'Improvements every day'VALRICO - Although blind, paralyzed and unable to speak, the woman who has come to be known as "everyone's daughter" was able to laugh and even try to blow out the candle on her banana bombe dessert as she celebrated her 19th birthday April 22 at her favorite sushi restaurant.
But her mother said she now considers today, April 24, her daughter's second birthday.
"That's the day she was reborn as a different person," her mother told friends at an April 18 prayer vigil for her daughter.
The East Bay High School senior was raped and beaten at the Bloomingdale Regional Public Library a year ago today. The vigil at her home was testimony that the young woman, whose identity is being protected because of the nature of the crime, is still very much on the minds and in the hearts of those who know her.

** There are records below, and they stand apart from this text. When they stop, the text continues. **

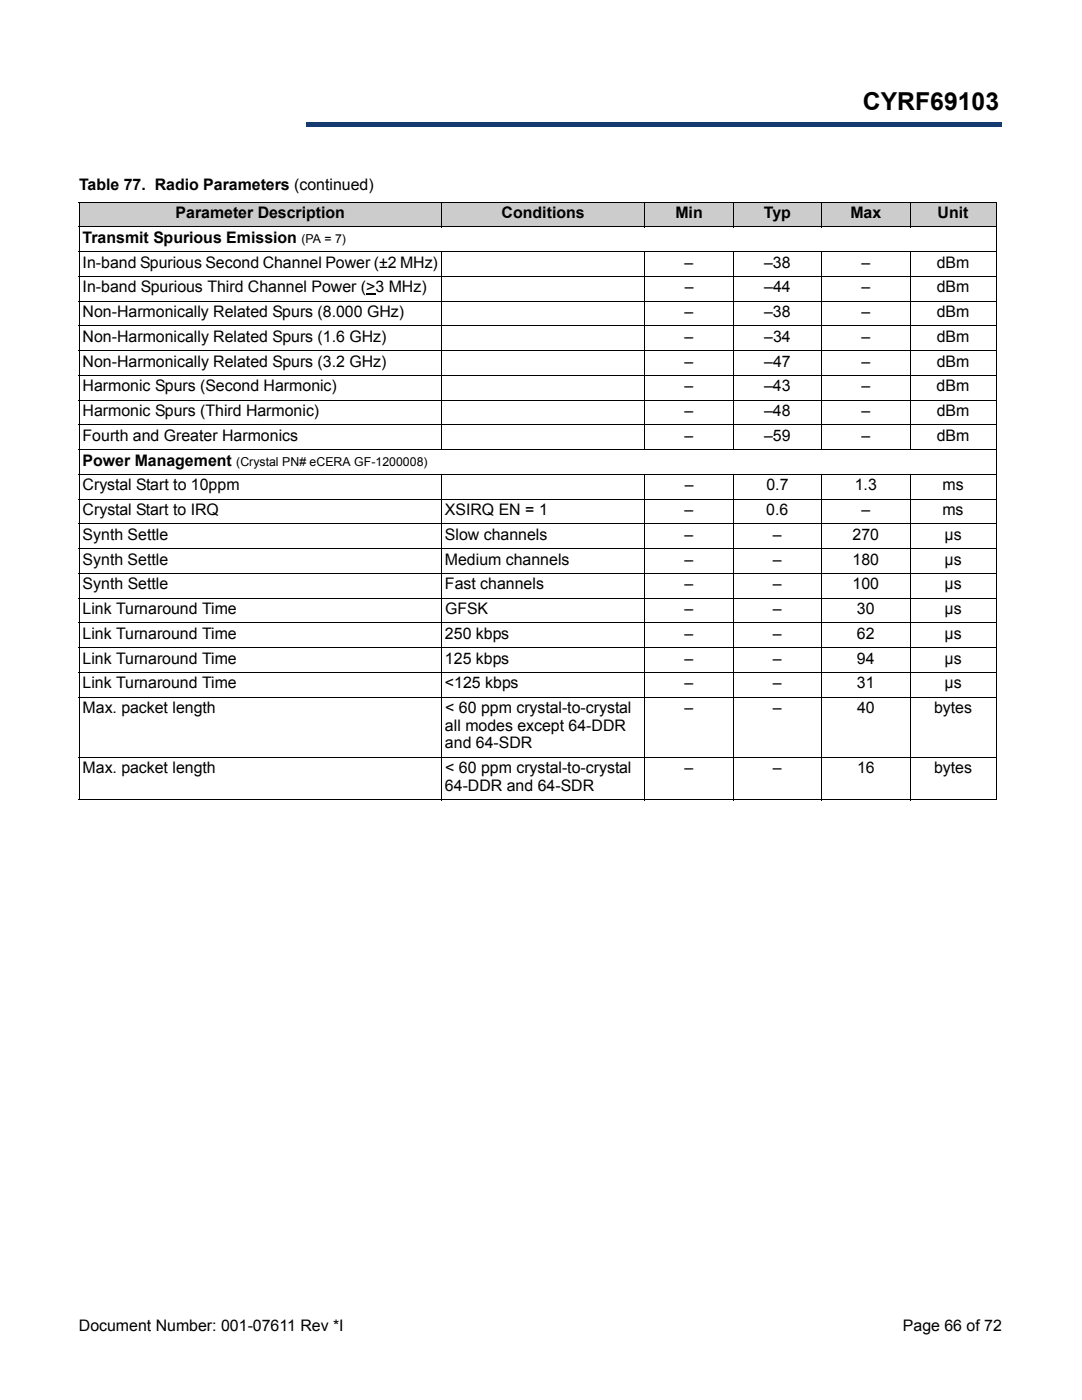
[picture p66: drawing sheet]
<svg xmlns="http://www.w3.org/2000/svg" width="216mm" height="279mm" viewBox="0 0 216 279" stroke-linecap="round" stroke-linejoin="round" font-family="sans-serif">
<defs><g id="words">
<text font-size="4.9" x="172.2" y="22">CYRF69103</text>
<g font-size="3.2">
<text x="15.8" y="37.9">Table 77. Radio Parameters (continued)</text>
<text x="35" y="43.5">Parameter Description</text>
<text x="100.1" y="43.5">Conditions</text>
<text x="134.8" y="43.5">Min</text>
<text x="152.4" y="43.5">Typ</text>
<text x="169.7" y="43.5">Max</text>
<text x="187.1" y="43.5">Unit</text>
<text x="16.5" y="48.5">Transmit Spurious Emission</text>
<text x="16.5" y="53.4">In-band Spurious Second Channel Power (±2 MHz)</text>
<text x="136.6" y="53.4">–</text>
<text x="152.5" y="53.4">–38</text>
<text x="171.9" y="53.4">–</text>
<text x="186.9" y="53.4">dBm</text>
<text x="16.5" y="58.4">In-band Spurious Third Channel Power (&gt;3 MHz)</text>
<text x="136.6" y="58.4">–</text>
<text x="152.5" y="58.4">–44</text>
<text x="171.9" y="58.4">–</text>
<text x="186.9" y="58.4">dBm</text>
<text x="16.5" y="63.3">Non-Harmonically Related Spurs (8.000 GHz)</text>
<text x="136.6" y="63.3">–</text>
<text x="152.5" y="63.3">–38</text>
<text x="171.9" y="63.3">–</text>
<text x="186.9" y="63.3">dBm</text>
<text x="16.5" y="68.2">Non-Harmonically Related Spurs (1.6 GHz)</text>
<text x="136.6" y="68.2">–</text>
<text x="152.5" y="68.2">–34</text>
<text x="171.9" y="68.2">–</text>
<text x="186.9" y="68.2">dBm</text>
<text x="16.5" y="73.2">Non-Harmonically Related Spurs (3.2 GHz)</text>
<text x="136.6" y="73.2">–</text>
<text x="152.5" y="73.2">–47</text>
<text x="171.9" y="73.2">–</text>
<text x="186.9" y="73.2">dBm</text>
<text x="16.5" y="78.1">Harmonic Spurs (Second Harmonic)</text>
<text x="16.5" y="83">Harmonic Spurs (Third Harmonic)</text>
<text x="136.6" y="78.1">–</text>
<text x="136.6" y="83">–</text>
<text x="152.5" y="78.1">–43</text>
<text x="152.5" y="83">–48</text>
<text x="171.9" y="78.1">–</text>
<text x="171.9" y="83">–</text>
<text x="186.9" y="78.1">dBm</text>
<text x="186.9" y="83">dBm</text>
<text x="16.5" y="88">Fourth and Greater Harmonics</text>
<text x="136.6" y="88">–</text>
<text x="152.5" y="88">–59</text>
<text x="171.9" y="88">–</text>
<text x="186.9" y="88">dBm</text>
<text x="16.5" y="92.9">Power Management</text>
<text x="16.5" y="97.9">Crystal Start to 10ppm</text>
<text x="136.6" y="97.9">–</text>
<text x="152.9" y="97.9">0.7</text>
<text x="170.6" y="97.9">1.3</text>
<text x="188.1" y="97.9">ms</text>
<text x="16.5" y="102.8">Crystal Start to IRQ</text>
<text x="16.5" y="107.7">Synth Settle</text>
<text x="88.8" y="102.8">XSIRQ EN = 1</text>
<text x="88.8" y="107.7">Slow channels</text>
<text x="136.6" y="102.8">–</text>
<text x="136.6" y="107.7">–</text>
<text x="152.9" y="102.8">0.6</text>
<text x="154.2" y="107.7">–</text>
<text x="170.1" y="107.7">270</text>
<text x="171.9" y="102.8">–</text>
<text x="188" y="102.8">ms</text>
<text x="188.5" y="107.7">µs</text>
<text x="16.5" y="112.7">Synth Settle</text>
<text x="88.8" y="112.7">Medium channels</text>
<text x="136.6" y="112.7">–</text>
<text x="154.2" y="112.7">–</text>
<text x="170.1" y="112.7">180</text>
<text x="188.5" y="112.7">µs</text>
<text x="16.5" y="117.6">Synth Settle</text>
<text x="88.8" y="117.6">Fast channels</text>
<text x="136.6" y="117.6">–</text>
<text x="154.2" y="117.6">–</text>
<text x="170.1" y="117.6">100</text>
<text x="188.5" y="117.6">µs</text>
<text x="16.5" y="122.6">Link Turnaround Time</text>
<text x="88.8" y="122.6">GFSK</text>
<text x="136.6" y="122.6">–</text>
<text x="154.2" y="122.6">–</text>
<text x="171" y="122.6">30</text>
<text x="188.5" y="122.6">µs</text>
<text x="16.5" y="127.5">Link Turnaround Time</text>
<text x="88.8" y="127.5">250 kbps</text>
<text x="136.6" y="127.5">–</text>
<text x="154.2" y="127.5">–</text>
<text x="171" y="127.5">62</text>
<text x="188.5" y="127.5">µs</text>
<text x="16.5" y="132.4">Link Turnaround Time</text>
<text x="16.5" y="137.4">Link Turnaround Time</text>
<text x="88.8" y="132.4">125 kbps</text>
<text x="88.8" y="137.4">&lt;125 kbps</text>
<text x="136.6" y="137.4">–</text>
<text x="136.6" y="132.4">–</text>
<text x="154.2" y="137.4">–</text>
<text x="154.2" y="132.4">–</text>
<text x="171" y="137.4">31</text>
<text x="171" y="132.4">94</text>
<text x="188.5" y="137.4">µs</text>
<text x="188.5" y="132.4">µs</text>
<text x="16.5" y="142.3">Max. packet length</text>
<text x="88.8" y="142.3">&lt; 60 ppm crystal-to-crystal</text>
<text x="136.6" y="142.3">–</text>
<text x="154.2" y="142.3">–</text>
<text x="171" y="142.3">40</text>
<text x="186.4" y="142.3">bytes</text>
<text x="88.8" y="145.8">all modes except 64-DDR</text>
<text x="88.8" y="149.4">and 64-SDR</text>
<text x="16.5" y="154.3">Max. packet length</text>
<text x="88.8" y="154.3">&lt; 60 ppm crystal-to-crystal</text>
<text x="136.6" y="154.3">–</text>
<text x="154.2" y="154.3">–</text>
<text x="171" y="154.3">16</text>
<text x="186.4" y="154.3">bytes</text>
<text x="88.8" y="157.8">64-DDR and 64-SDR</text>
<text x="15.7" y="265.6">Document Number: 001-07611 Rev *I</text>
<text x="180.1" y="265.6">Page 66 of 72</text>
</g>
<g font-size="2.5">
<text x="60.1" y="48.5">(PA = 7)</text>
<text x="47.1" y="92.9">(Crystal PN# eCERA GF-1200008)</text>
</g>
</g></defs>
<path d="M61 24.4h138.8v.9h-138.8z" fill="#163b71"/>
<path d="M61 24.4h138.9" fill="none" stroke="#163b71" stroke-width=".2"/>
<path d="M199.7 24.4h.2v1h-.2z" fill="#163b71"/>
<path d="M61 25.3h138.8" fill="none" stroke="#163b71" stroke-width=".2"/>
<path d="M61 24.3h.1v1h-.1z" fill="#163b71"/>
<path d="M15.8 8.6h45.2v18h-45.2z" fill="#fff"/>
<path d="M73.1 58.6h1.8v.2h-1.8z" fill="#000"/>
<g fill="#ccc">
<path d="M15.8 40.3h72.3v5h-72.3z"/>
<path d="M88.1 40.3h40.6v5h-40.6z"/>
<path d="M128.7 40.3h17.6v5h-17.6z"/>
<path d="M146.3 40.3h17.7v5h-17.7z"/>
<path d="M164 40.3h17.6v5h-17.6z"/>
<path d="M181.6 40.3h17.2v5h-17.2z"/>
</g>
<g fill="none" stroke="#000" stroke-width=".2">
<path d="M15.7 40.3h183.2M15.7 45.3h183.2M15.7 50.2h183.2M15.7 55.2h183.2M15.8 40.4v119.1M88.1 40.3v5.1M88.1 50.1v39.7M128.7 40.3v5.1M128.7 50.1v39.7M146.3 40.3v5.1M146.3 50.1v39.7M164 40.3v5.1"/>
<path d="M164 50.1v39.7M181.6 40.3v5.1M181.6 50.1v39.7M198.8 40.4v119.1M15.7 60.1h183.2M15.7 65h183.2M15.7 70h183.2M15.7 74.9h183.2M15.7 79.9h183.2M15.7 84.8h183.2M15.7 89.7h183.2M15.7 94.7h183.2"/>
<path d="M15.7 99.6h183.2M88.1 94.6v65.1M128.7 94.6v65.1M146.3 94.6v65.1M164 94.6v65.1M181.6 94.6v65.1M15.7 104.6h183.2M15.7 109.5h183.2M15.7 114.4h183.2M15.7 119.4h183.2M15.7 124.3h183.2M15.7 129.3h183.2"/>
<path d="M15.7 134.2h183.2M15.7 139.1h183.2M15.7 151.1h183.2M15.7 159.6h183.2"/>
</g>
<use href="#words"/>
</svg>

The house was packed, with stragglers spilling out the back door.
"She has two birthdays now because she is a different person than she was a year ago," her mother said Thursday. She doesn't think her daughter is less of a person because of her disabilities. She said her daughter's experiences have made her more sensitive to the feelings of others.
The young woman's 22-year-old sister agrees, although she'd give anything to turn back the hands of time.
Choked and beaten, the young woman was nearly unrecognizable when sheriff's deputies found her beside the library, her sister said. "The doctors told us she wouldn't make it," she said. "She not only survived, she's surpassed all their predictions. I attribute that to prayers, love and her amazing will. I really miss my little sister the way she was, but she's incredible the way she is.
When she smiles, everything's OK."
Working with volunteer therapists, who now provide about 75 percent of the young woman's therapy, she is making slow progress, her sister said. Although she's fed through a feeding tube, she loves going to restaurants with her family and "tasting" foods. She's mostly nonverbal but can now say "mom." She also is quick to laugh at jokes and cry at sad movies.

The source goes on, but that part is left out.